Failover with replication

While you do not have to define replication with failover, this is often necessary. The failover mechanism routes operations transparently to an available space. However, it does not ensure that the space objects, which the user wanted to operate on, exists in that other space. If the user's operation is read or take, for example, it will not have the desired effect unless all the space objects from the master (target) space are precisely replicated in the slave space.
This can be achieved by defining both a replication policy and a failover policy for a certain group. This will ensure that as long as the master slave is live, its updates are replicated to the slave space, which is then ready to assume the role of failover slave.

Inactive Space retries

When a primary space partition fails and a backup space partition is being elected as a primary, client proxy will recognize the primary failure and route the requests to the backup.
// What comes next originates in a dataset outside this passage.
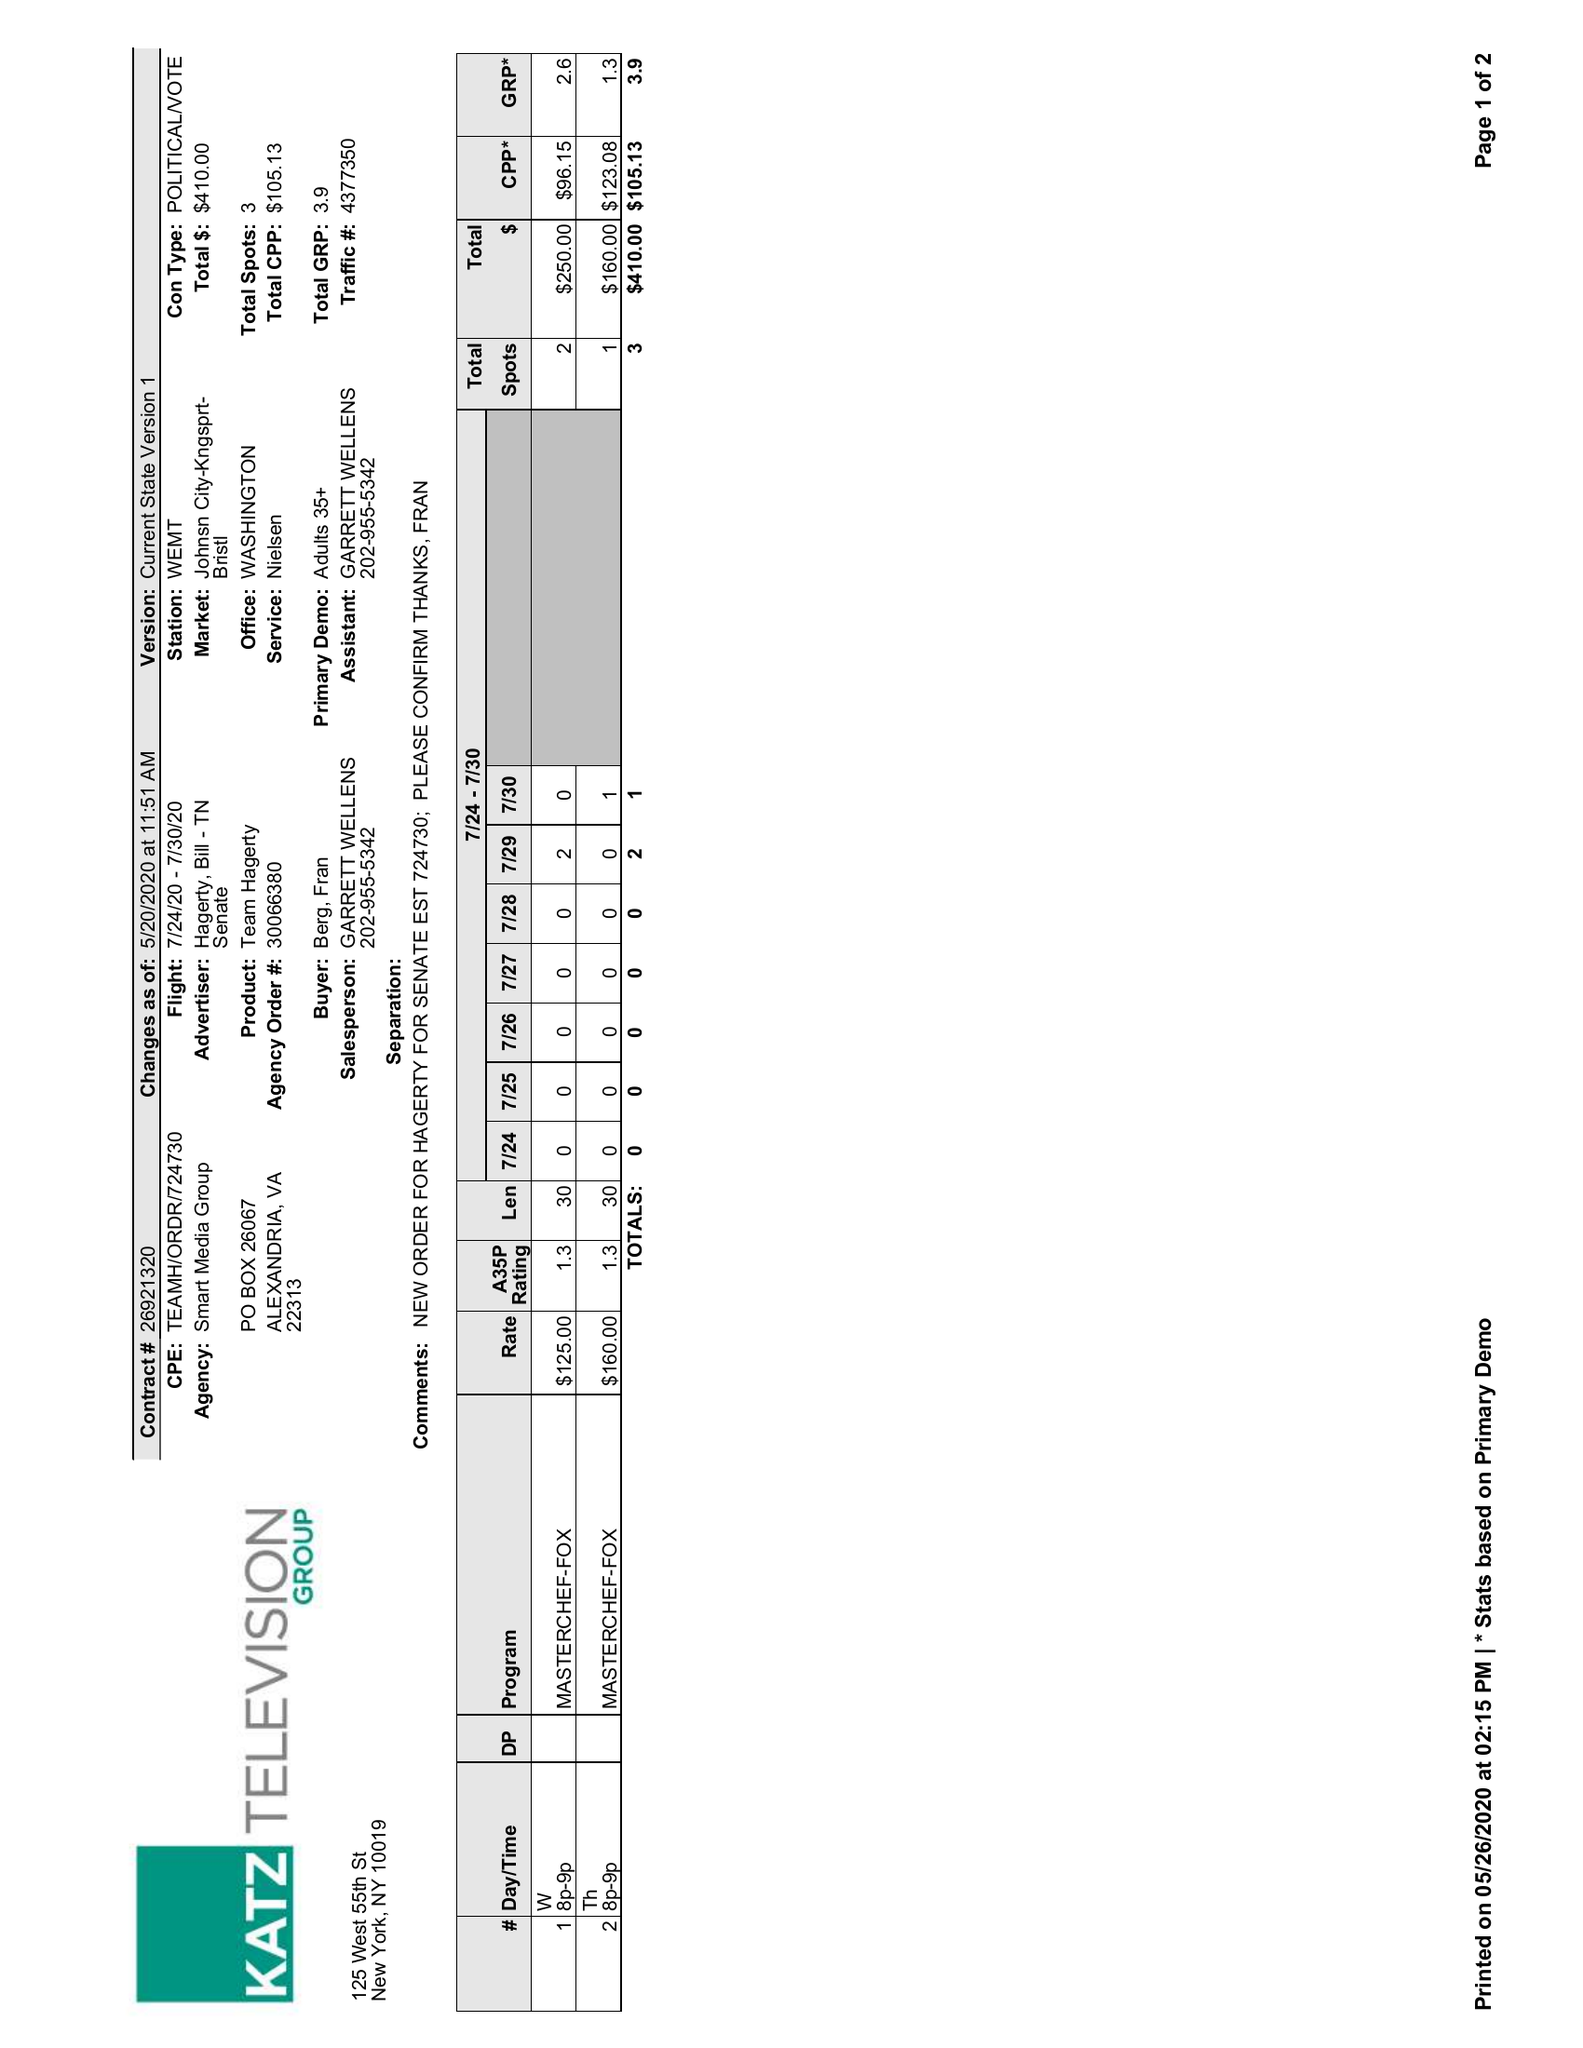What is the value for the flight_from?
Answer the question using a single word or phrase. 07/24/20

Election of a backup to primary is done using active election process and this is not instantaneous (might take few seconds based on the active election configuration parameters). Any client requests directed to this partition during this time will still complete because there is a retry logic for recognizing com.gigaspaces.cluster.activeelection.InactiveSpaceException conditions, where proxy retries the same operation until the space becomes active/primary. Retry limits and gap between retries can be configured using following system properties on the client side:

Property (client side) Description Defualt value
com.gs.client.inactiveRetryLimit Number of retires on operation,
waiting for one of the servers to become active after Active election.
20
com.gs.failover.standby-wait-time Retry backoff sleep time(ms). Between retries
while waiting for one of the servers to become active after Active election.